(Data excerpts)
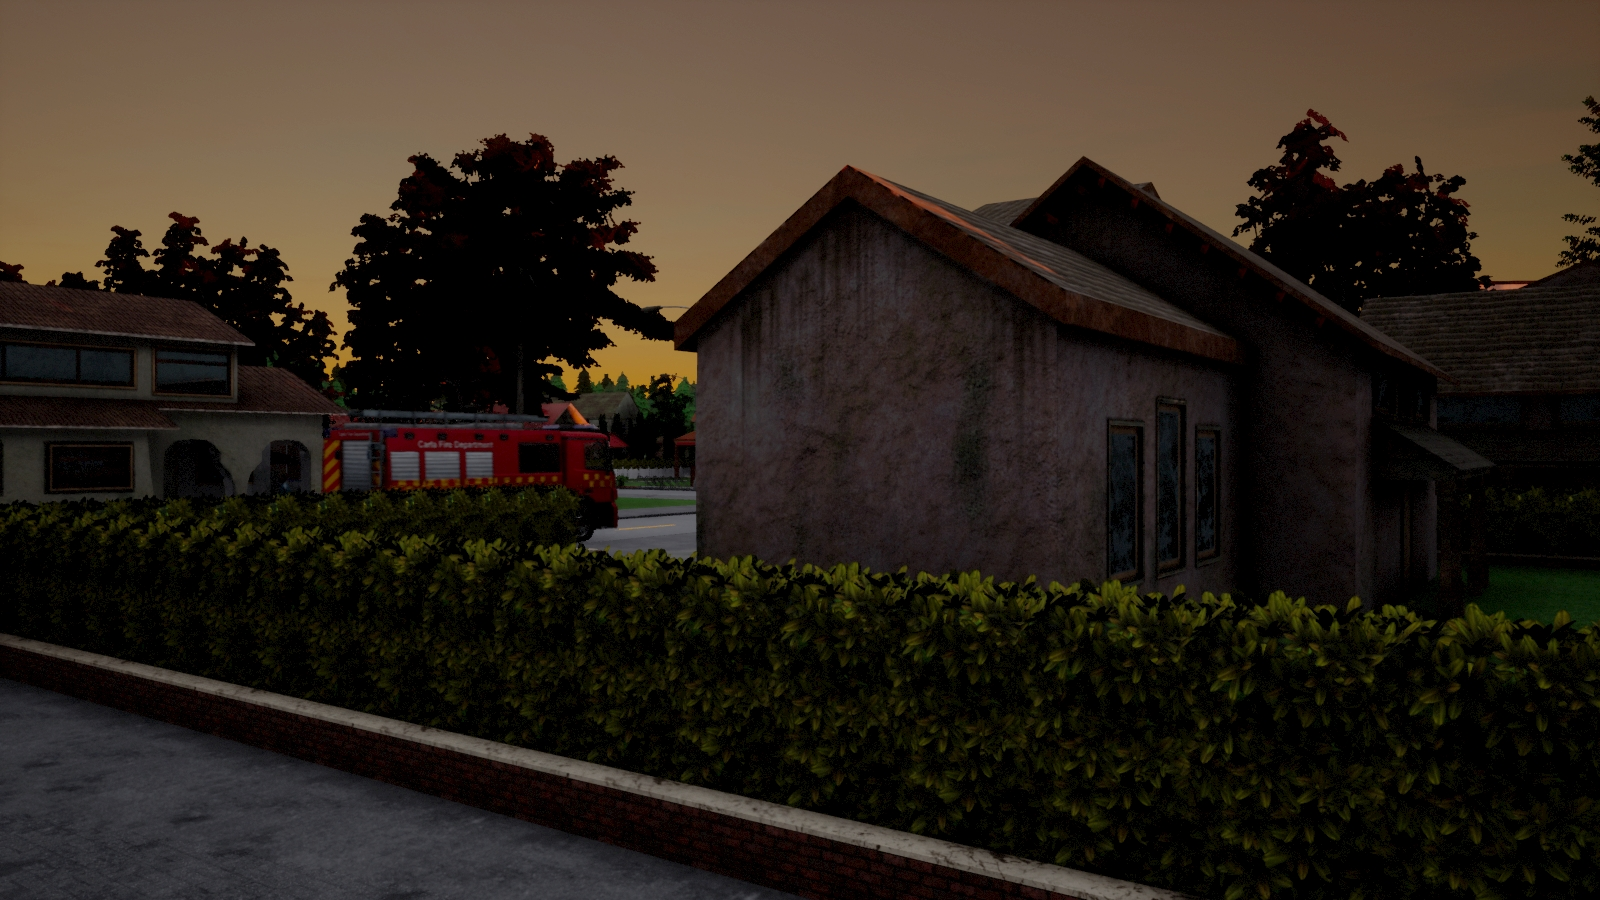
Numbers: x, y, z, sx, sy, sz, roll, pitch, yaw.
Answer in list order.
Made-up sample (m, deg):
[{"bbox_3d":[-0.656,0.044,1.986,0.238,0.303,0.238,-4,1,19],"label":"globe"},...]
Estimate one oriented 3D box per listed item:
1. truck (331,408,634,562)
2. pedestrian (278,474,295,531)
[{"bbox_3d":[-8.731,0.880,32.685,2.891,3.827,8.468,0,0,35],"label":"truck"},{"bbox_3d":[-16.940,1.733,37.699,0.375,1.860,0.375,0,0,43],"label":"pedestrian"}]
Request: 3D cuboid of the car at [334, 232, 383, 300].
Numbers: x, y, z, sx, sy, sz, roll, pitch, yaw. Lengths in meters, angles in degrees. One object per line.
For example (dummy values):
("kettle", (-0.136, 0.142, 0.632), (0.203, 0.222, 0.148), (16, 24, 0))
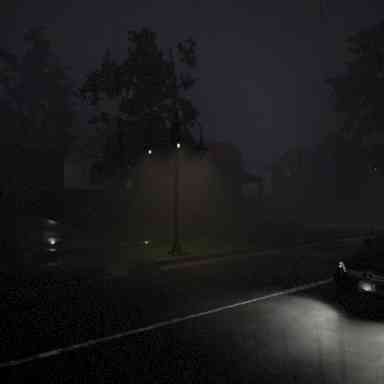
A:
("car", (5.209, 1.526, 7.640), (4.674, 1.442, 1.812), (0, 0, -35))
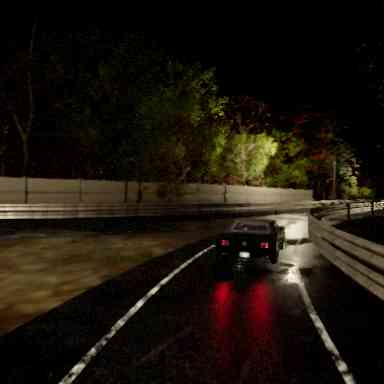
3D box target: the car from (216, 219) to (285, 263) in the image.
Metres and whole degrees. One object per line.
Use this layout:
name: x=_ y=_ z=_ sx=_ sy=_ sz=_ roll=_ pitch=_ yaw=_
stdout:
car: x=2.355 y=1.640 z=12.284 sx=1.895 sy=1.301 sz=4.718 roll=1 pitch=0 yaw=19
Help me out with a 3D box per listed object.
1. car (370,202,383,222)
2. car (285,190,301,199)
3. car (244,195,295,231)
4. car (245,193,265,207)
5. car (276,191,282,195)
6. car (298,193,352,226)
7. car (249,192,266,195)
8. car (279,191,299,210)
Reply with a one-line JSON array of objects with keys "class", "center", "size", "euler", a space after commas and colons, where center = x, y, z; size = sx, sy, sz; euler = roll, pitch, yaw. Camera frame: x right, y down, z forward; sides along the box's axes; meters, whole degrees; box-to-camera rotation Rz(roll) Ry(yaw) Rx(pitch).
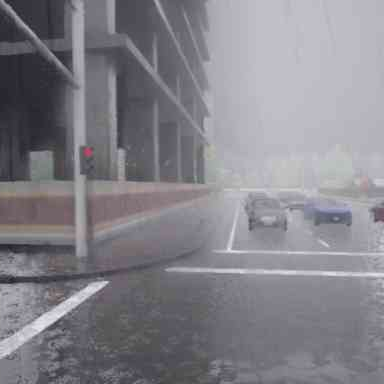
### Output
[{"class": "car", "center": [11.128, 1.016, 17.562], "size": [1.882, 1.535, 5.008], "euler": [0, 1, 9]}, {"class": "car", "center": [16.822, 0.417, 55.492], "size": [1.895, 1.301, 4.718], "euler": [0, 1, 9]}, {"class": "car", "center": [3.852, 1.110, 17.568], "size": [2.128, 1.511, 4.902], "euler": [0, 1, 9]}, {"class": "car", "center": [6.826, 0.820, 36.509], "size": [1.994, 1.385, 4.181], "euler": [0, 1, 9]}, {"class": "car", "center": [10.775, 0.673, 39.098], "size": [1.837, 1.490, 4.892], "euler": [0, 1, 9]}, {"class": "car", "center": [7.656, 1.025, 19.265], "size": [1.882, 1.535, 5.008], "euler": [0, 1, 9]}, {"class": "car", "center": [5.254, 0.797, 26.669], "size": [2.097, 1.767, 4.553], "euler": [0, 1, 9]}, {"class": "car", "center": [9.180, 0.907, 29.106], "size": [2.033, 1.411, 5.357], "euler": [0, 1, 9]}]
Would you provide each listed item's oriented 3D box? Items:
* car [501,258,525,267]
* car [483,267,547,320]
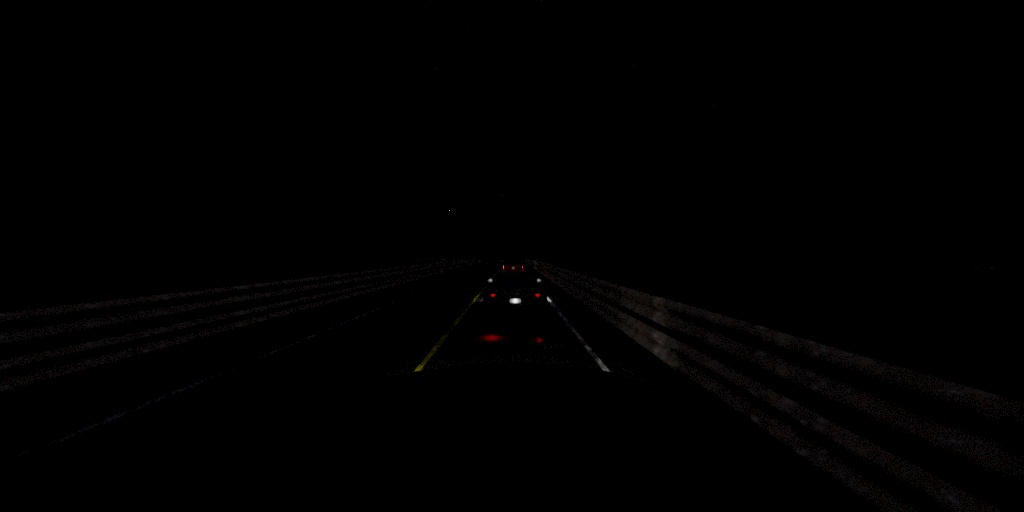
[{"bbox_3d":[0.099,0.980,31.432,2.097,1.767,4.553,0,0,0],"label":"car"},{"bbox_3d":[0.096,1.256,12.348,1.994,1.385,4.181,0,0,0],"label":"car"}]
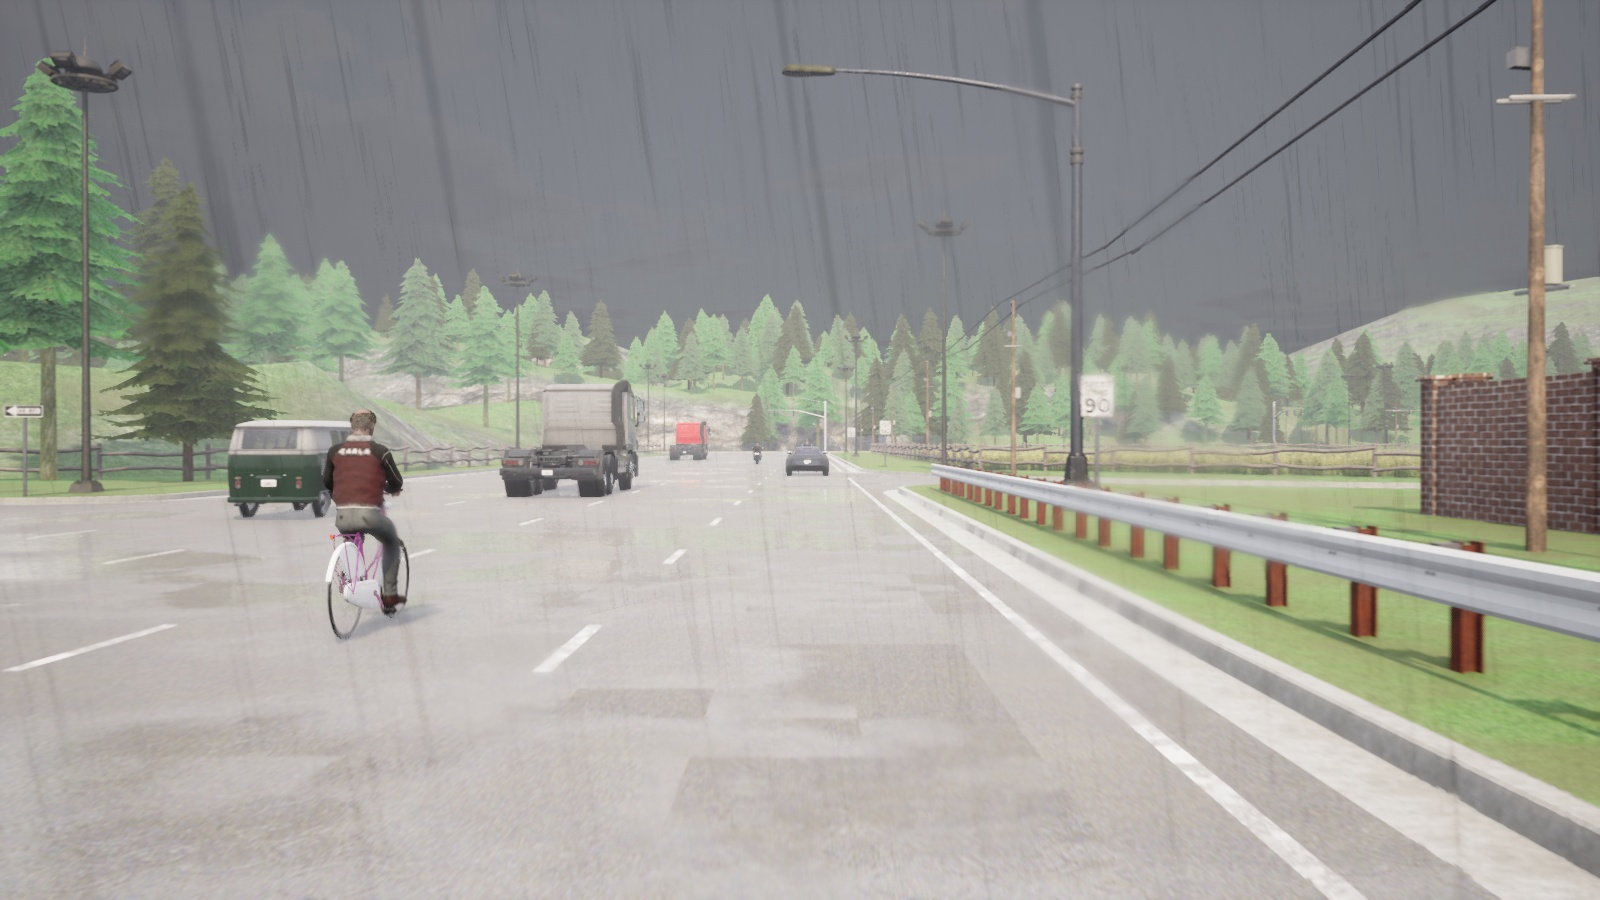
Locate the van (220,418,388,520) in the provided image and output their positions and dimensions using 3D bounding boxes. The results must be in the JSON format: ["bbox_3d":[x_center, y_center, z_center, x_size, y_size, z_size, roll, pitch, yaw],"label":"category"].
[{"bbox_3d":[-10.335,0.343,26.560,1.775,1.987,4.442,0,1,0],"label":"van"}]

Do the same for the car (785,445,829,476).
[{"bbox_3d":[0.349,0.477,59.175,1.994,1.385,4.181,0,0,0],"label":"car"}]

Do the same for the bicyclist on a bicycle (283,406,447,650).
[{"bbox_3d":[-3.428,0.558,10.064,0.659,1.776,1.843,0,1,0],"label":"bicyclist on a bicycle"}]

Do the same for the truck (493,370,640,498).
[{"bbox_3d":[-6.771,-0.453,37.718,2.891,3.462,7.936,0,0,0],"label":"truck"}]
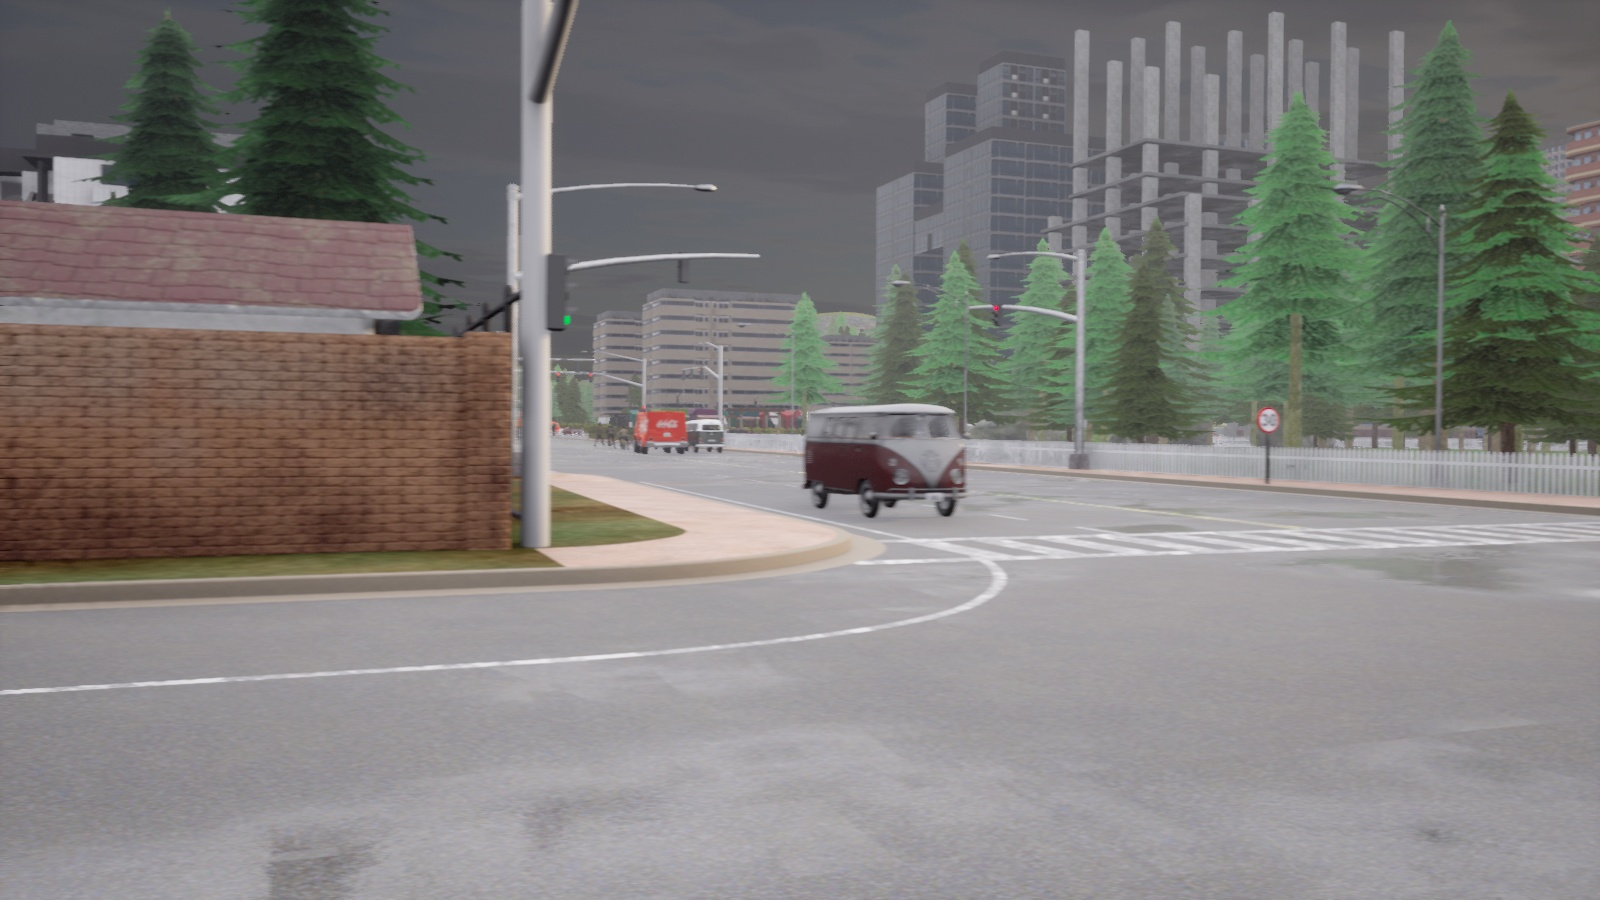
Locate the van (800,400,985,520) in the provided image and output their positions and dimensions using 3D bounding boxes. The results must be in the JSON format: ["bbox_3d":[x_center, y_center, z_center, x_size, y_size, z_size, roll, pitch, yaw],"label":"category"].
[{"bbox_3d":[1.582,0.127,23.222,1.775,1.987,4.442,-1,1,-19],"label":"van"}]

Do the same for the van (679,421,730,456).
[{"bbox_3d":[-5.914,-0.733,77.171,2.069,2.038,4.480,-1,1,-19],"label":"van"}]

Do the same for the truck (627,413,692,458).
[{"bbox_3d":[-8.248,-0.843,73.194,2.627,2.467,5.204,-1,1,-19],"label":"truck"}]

## Work instructions
Reproduce only the lines above spanning from the line containing "2. car (285,190,301,199)" through the line containing "Reply with a", word for word.

## Finished exercise
2. car (285,190,301,199)
3. car (244,195,295,231)
4. car (245,193,265,207)
5. car (276,191,282,195)
6. car (298,193,352,226)
7. car (249,192,266,195)
8. car (279,191,299,210)
Reply with a one-line JSON array of objects with keys "class", "center", "size", "euler", a space after commas and colons, where center = x, y, z; size = sx, sy, sz; euler = roll, pitch, yaw. Camera frame: x right, y down, z forward; sides along the box's axes; meters, whole degrees; box-to-camera rotation Rz(roll) Ry(yaw) Rx(pitch).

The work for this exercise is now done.